I hate doctors because of the power they hold. I don't even know how to approach this problem. Will try to explain it. Everybody approaches a doctor because they want to live. Most people think they are going to die if they get sick. If not escape death, they go seeking help. With help comes a power relation. Ideally this shouldn't happen. Activists who get involved in issues shouldn't be about power, their involvement should be only regarding the issue. Likewise doctors shouldn't be bothered about the relationship with the patient. The illness and that alone is their concern. People don't feel obliged to a mechanic at a garage for having repaired their automobile. But in most cases patients are ever thankful to doctors for curing them. Even before the cure the mindset of a helpless person seeps in. Doctors are only human beings and are with all the flaws that fact entails. Many families even have a doctor whom they worship like god. My dream is a world where diagnosis and treatment of diseases is mechanized and when human beings have only to press buttons.

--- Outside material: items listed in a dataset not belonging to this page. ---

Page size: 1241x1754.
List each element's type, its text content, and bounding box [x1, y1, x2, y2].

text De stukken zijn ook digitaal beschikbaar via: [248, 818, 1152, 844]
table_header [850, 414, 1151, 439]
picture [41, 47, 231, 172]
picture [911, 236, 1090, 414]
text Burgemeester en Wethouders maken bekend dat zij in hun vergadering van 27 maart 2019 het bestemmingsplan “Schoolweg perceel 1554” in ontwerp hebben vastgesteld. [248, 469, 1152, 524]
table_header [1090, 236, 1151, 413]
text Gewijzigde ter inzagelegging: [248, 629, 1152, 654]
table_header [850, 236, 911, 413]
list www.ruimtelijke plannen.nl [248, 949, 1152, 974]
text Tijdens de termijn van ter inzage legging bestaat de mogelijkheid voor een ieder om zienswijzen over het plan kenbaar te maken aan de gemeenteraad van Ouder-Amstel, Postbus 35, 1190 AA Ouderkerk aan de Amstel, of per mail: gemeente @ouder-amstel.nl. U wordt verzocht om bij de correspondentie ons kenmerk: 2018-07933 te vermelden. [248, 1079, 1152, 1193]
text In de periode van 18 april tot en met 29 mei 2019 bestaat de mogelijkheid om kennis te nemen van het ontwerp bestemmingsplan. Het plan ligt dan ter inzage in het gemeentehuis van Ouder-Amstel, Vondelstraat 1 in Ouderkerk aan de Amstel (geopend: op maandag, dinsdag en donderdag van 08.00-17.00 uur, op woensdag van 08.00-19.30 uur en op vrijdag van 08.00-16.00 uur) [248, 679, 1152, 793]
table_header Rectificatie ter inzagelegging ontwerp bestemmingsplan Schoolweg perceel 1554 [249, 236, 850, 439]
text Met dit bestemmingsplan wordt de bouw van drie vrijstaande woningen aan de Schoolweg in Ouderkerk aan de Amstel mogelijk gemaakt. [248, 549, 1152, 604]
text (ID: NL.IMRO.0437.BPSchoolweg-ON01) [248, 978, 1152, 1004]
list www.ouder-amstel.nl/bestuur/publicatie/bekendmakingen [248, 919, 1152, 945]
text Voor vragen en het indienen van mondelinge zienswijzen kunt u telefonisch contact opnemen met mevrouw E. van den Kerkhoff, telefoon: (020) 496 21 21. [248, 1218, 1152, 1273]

On my part i take efforts to never be thankful. Not just to doctors but to anybody who has ever helped me. Love is a different thing altogether. It's okay not to love too. What's important is to not confuse love with gratitude and obligation.

It was a muscle injury, the doctor said after examining the X Ray. I got three pills and was content. They were of different colours and looked good. Pain killers, something to make my muscle all right, cold compresses, and rest for a month. I took them and went straight back to court where i flirted with everyone and cracked jokes apart from playing poor badminton. I love the court and its people because it's fun. It's again a space i carefully found out from among all the rubble and ruin in this film school which almost killed me. Last week some of my playmates from Tamil Nadu celebrated Pongal. They made pongal in the badminton court. I scraped coconut for them. I consciously avoid being happy about Onam because the malayalees make a big deal out of it. Spreading malluness is something i hate. But anything for food is the general motto. Look at the poor tamilians with no human strength on court trying to make pongal.

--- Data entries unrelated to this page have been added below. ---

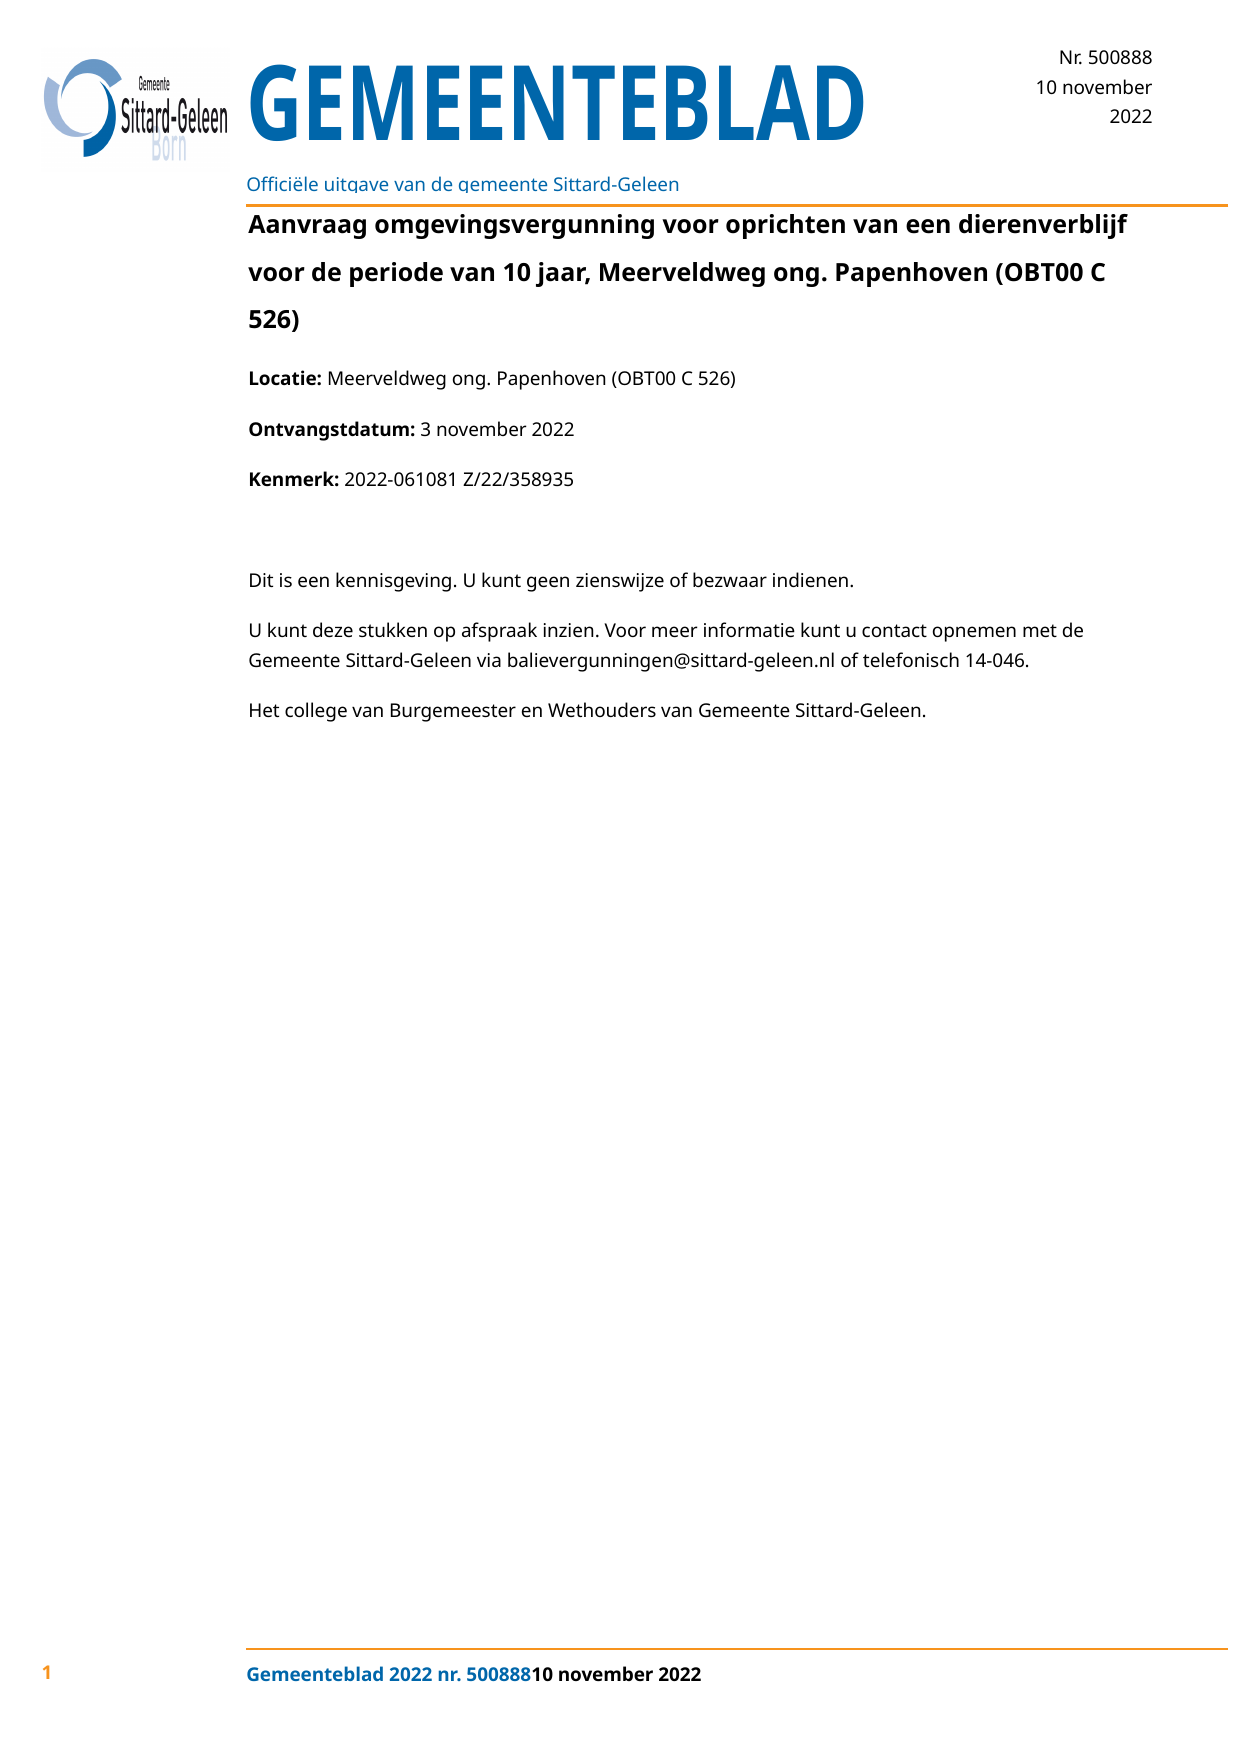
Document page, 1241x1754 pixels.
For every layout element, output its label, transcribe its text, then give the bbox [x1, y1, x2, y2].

text Locatie: Meerveldweg ong. Papenhoven (OBT00 C 526) [248, 366, 1152, 391]
text Ontvangstdatum: 3 november 2022 [248, 416, 1152, 442]
text Aanvraag omgevingsvergunning voor oprichten van een dierenverblijf voor de periode van 10 jaar, Meerveldweg ong. Papenhoven (OBT00 C 526) [248, 207, 1152, 336]
picture [41, 47, 231, 172]
text Het college van Burgemeester en Wethouders van Gemeente Sittard-Geleen. [248, 698, 1152, 723]
text Kenmerk: 2022-061081 Z/22/358935 [248, 466, 1152, 492]
text Dit is een kennisgeving. U kunt geen zienswijze of bezwaar indienen. [248, 567, 1152, 593]
text U kunt deze stukken op afspraak inzien. Voor meer informatie kunt u contact opnemen met de Gemeente Sittard-Geleen via balievergunningen@sittard-geleen.nl of telefonisch 14-046. [248, 618, 1152, 673]

When the effect of pain killers wears off i feel like slicing off the aching portion of my knee and pouring hot oil on it. Then put it back and stitch it back together. When around people i know i walk with a straight back. Otherwise i limp. To set my foot on ground takes effort. I won't rest. I press the area hard sometimes when i am resting. To remind me of the pain. No cold compresses. Not for a bad girl like me.
There ain't no pain which is unbeatable. There ain't no heartache which is forgotten. Pain is, therefore i am.